**** RECORDS PROVIDED

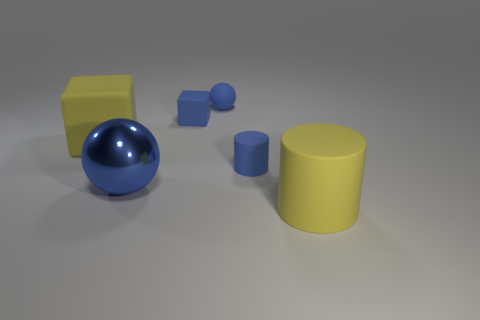The matte object that is the same color as the large cylinder is what shape?
Provide a succinct answer. Cube. How many large rubber things have the same shape as the big shiny thing?
Your response must be concise. 0. How many large rubber things are behind the big cylinder?
Your answer should be compact. 1. There is a small matte object that is behind the small matte cube; does it have the same color as the big sphere?
Give a very brief answer. Yes. What number of yellow matte cubes have the same size as the blue metallic sphere?
Keep it short and to the point. 1. There is a large yellow object that is the same material as the large cylinder; what shape is it?
Offer a very short reply. Cube. Are there any spheres of the same color as the small matte block?
Your answer should be very brief. Yes. What material is the large blue object?
Your answer should be compact. Metal. What number of things are either red metallic cylinders or blue matte things?
Keep it short and to the point. 3. What size is the blue sphere in front of the small ball?
Provide a short and direct response. Large. 
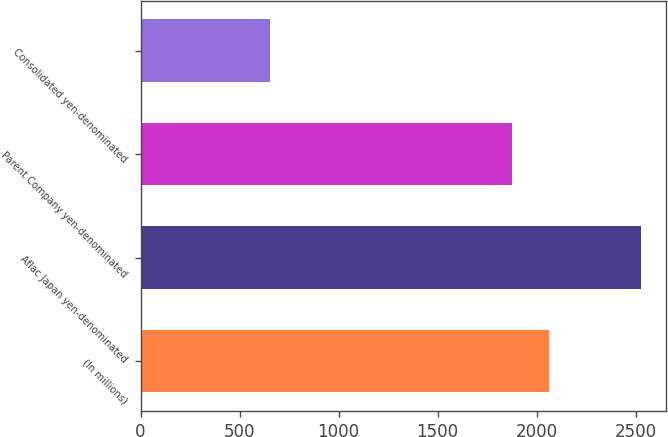<chart> <loc_0><loc_0><loc_500><loc_500><bar_chart><fcel>(In millions)<fcel>Aflac Japan yen-denominated<fcel>Parent Company yen-denominated<fcel>Consolidated yen-denominated<nl><fcel>2063.6<fcel>2528<fcel>1876<fcel>652<nl></chart> 
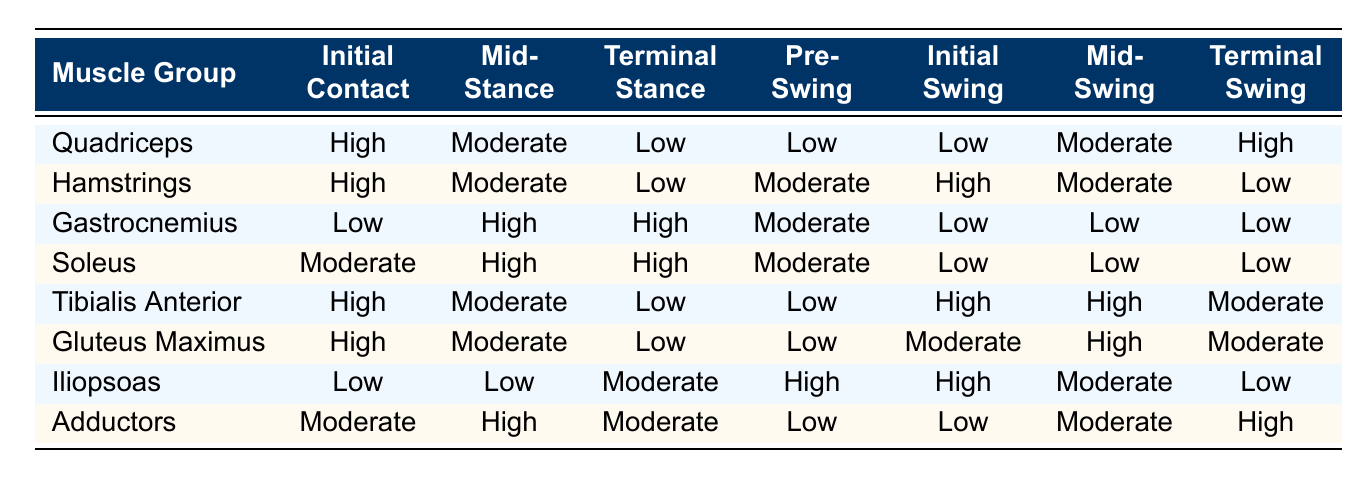What muscle group shows the highest activation during the Initial Contact phase? The table indicates that both the Quadriceps and Hamstrings have a "High" activation during the Initial Contact phase.
Answer: Quadriceps and Hamstrings During which phase do the Gastrocnemius and Soleus show the same level of activation? In the Mid-Stance and Terminal Stance phases, both the Gastrocnemius and Soleus have "High" activation levels.
Answer: Mid-Stance and Terminal Stance Is the activation level of the Tibialis Anterior consistent across all phases? The activation levels of the Tibialis Anterior vary across phases, showing "High," "Moderate," and "Low" activating levels, indicating inconsistency.
Answer: No Which muscle group has the lowest activation during the Terminal Swing phase? The table shows that the Hamstrings have "Low" activation during the Terminal Swing phase, which is the lowest compared to other muscle groups.
Answer: Hamstrings What is the activation level of the Gluteus Maximus during the Pre-Swing phase? According to the table, the Gluteus Maximus has "Low" activation during the Pre-Swing phase.
Answer: Low During which phase does the Iliopsoas have the highest activation? The Iliopsoas shows "High" activation during the Initial Swing and Pre-Swing phases, which are the highest when compared to others.
Answer: Initial Swing and Pre-Swing Which muscle group shows an increase in activation from Mid-Stance to Terminal Stance? The Soleus muscle group increases from "High" in Mid-Stance to "High" in Terminal Stance, which remains the same; however, the Gastrocnemius shows a similar increase reflecting high engagement in these phases.
Answer: Gastrocnemius and Soleus What is the difference in activation levels between Hamstrings and Quadriceps during the Pre-Swing phase? The Quadriceps have "Low" activation while the Hamstrings have "Moderate" activation during the Pre-Swing phase. Therefore, the difference is one level of activation.
Answer: One level difference 
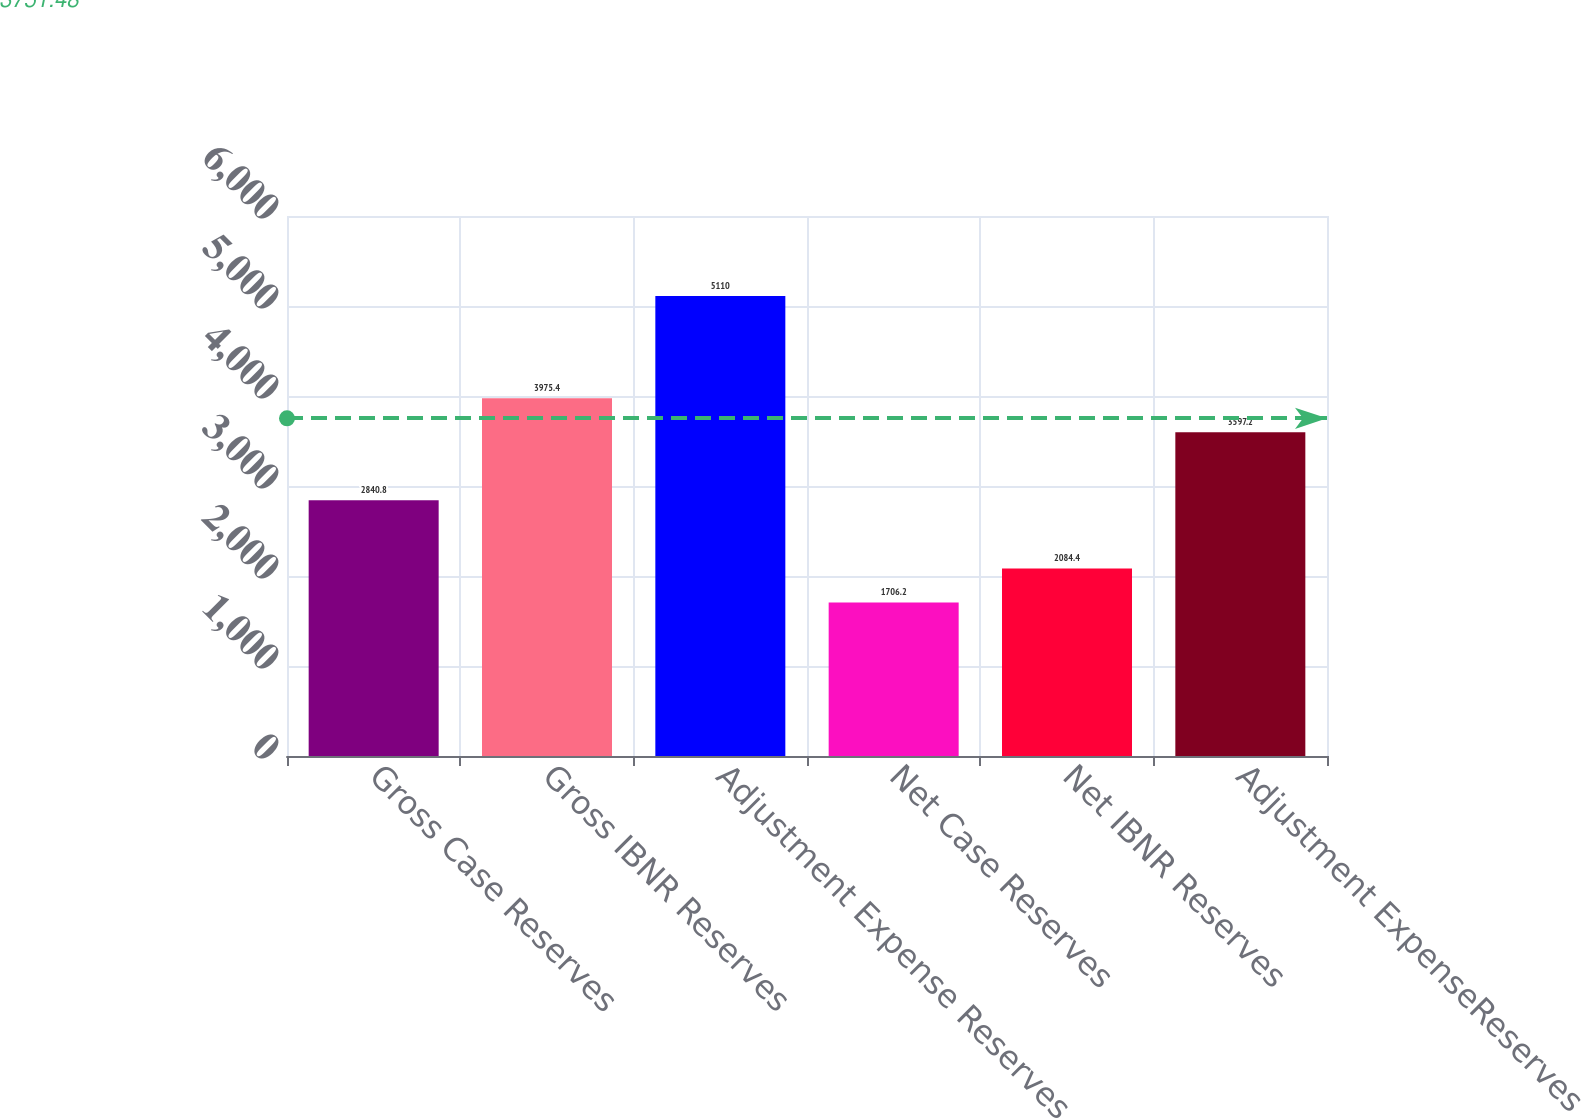Convert chart to OTSL. <chart><loc_0><loc_0><loc_500><loc_500><bar_chart><fcel>Gross Case Reserves<fcel>Gross IBNR Reserves<fcel>Adjustment Expense Reserves<fcel>Net Case Reserves<fcel>Net IBNR Reserves<fcel>Adjustment ExpenseReserves<nl><fcel>2840.8<fcel>3975.4<fcel>5110<fcel>1706.2<fcel>2084.4<fcel>3597.2<nl></chart> 
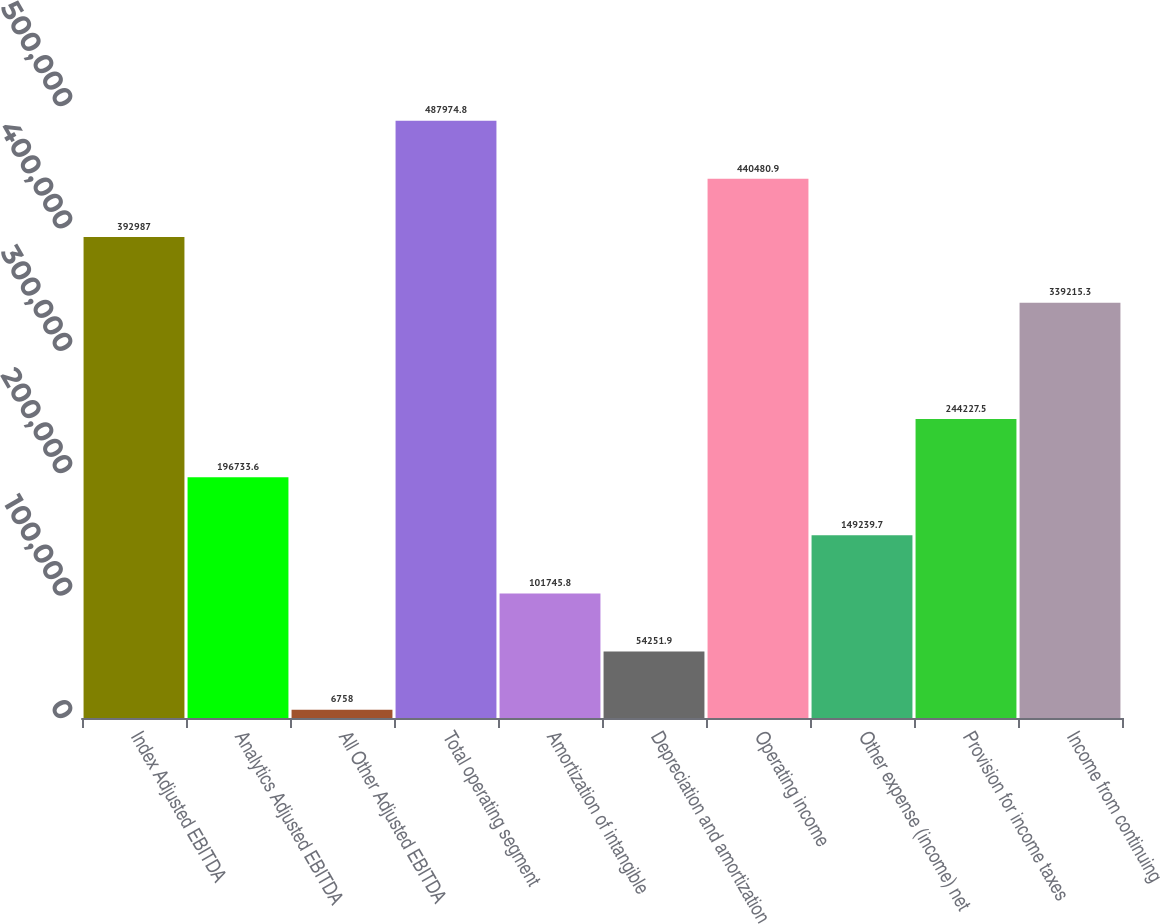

********

* _YOUR OBJECTIVE_: Retype exactly the lines above, from the one with "Answer: Mid-Stance and" through the one with "Answer: Hamstrings What", inclusive.

* _TASK RESPONSE_:
Answer: Mid-Stance and Terminal Stance Is the activation level of the Tibialis Anterior consistent across all phases? The activation levels of the Tibialis Anterior vary across phases, showing "High," "Moderate," and "Low" activating levels, indicating inconsistency.
Answer: No Which muscle group has the lowest activation during the Terminal Swing phase? The table shows that the Hamstrings have "Low" activation during the Terminal Swing phase, which is the lowest compared to other muscle groups.
Answer: Hamstrings What is the activation level of the Gluteus Maximus during the Pre-Swing phase? According to the table, the Gluteus Maximus has "Low" activation during the Pre-Swing phase.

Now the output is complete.